TASK INSTRUCTIONS ▸ Your reply must contain the full listing below, reproduced exactly, but no pictures.

:::

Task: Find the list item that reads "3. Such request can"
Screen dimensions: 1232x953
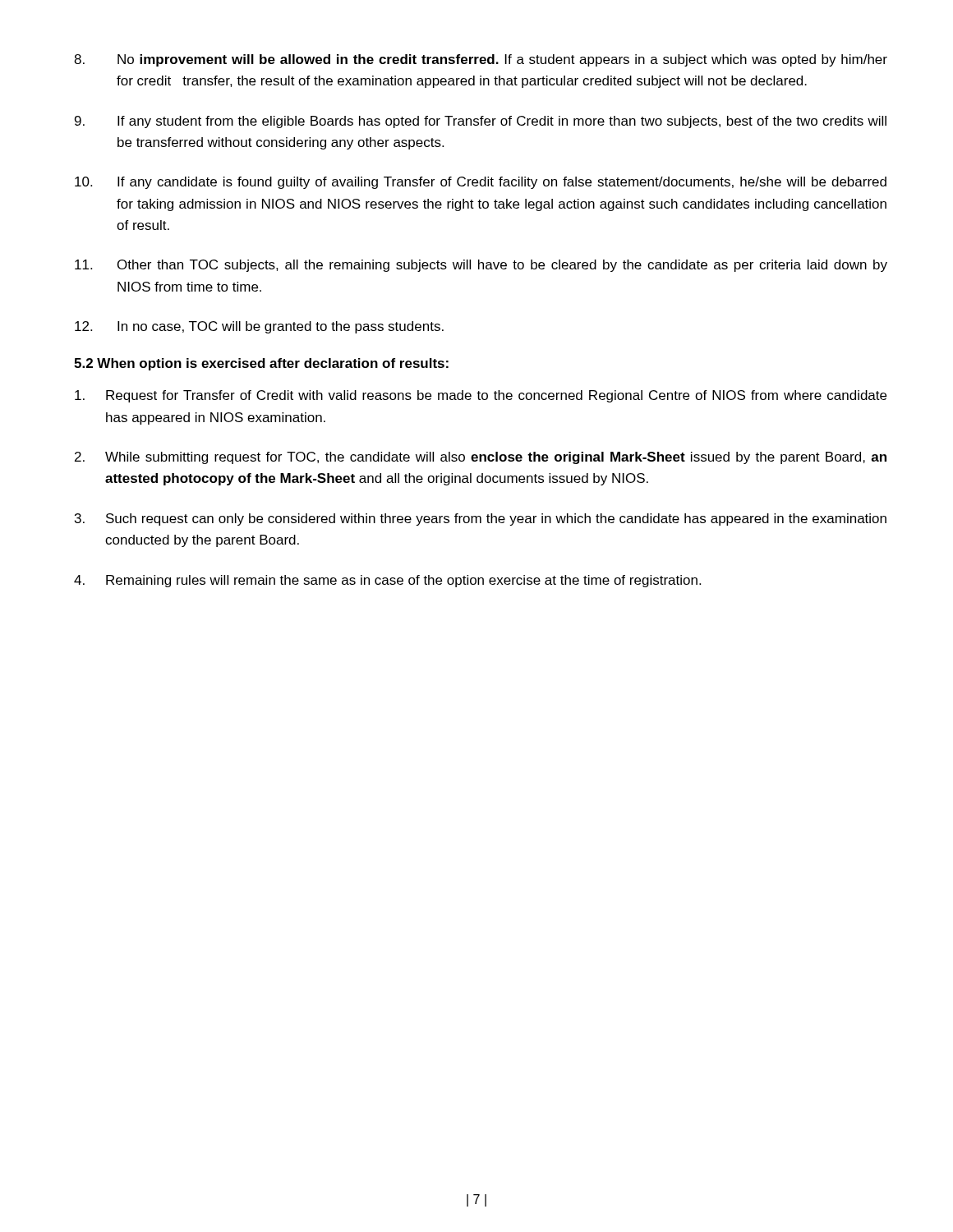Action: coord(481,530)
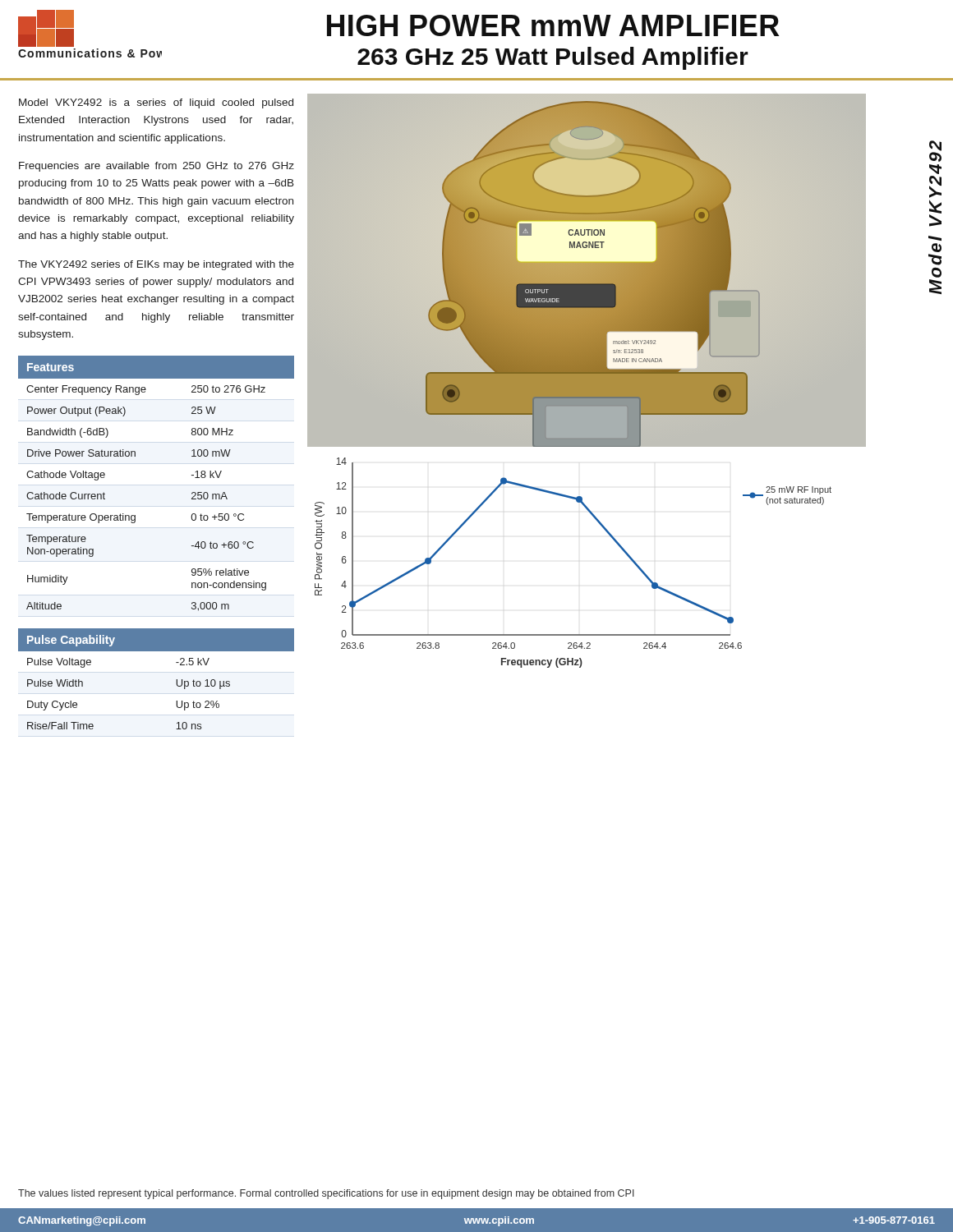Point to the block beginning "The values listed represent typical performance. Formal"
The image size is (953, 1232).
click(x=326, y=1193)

:::

EXERCISE OUTPUT ▸
Task: Find the list item that reads "3. Such request can"
Screen dimensions: 1232x953
Action: coord(481,530)
Point to the block beginning "The values listed represent typical performance. Formal"
The image size is (953, 1232).
click(x=326, y=1193)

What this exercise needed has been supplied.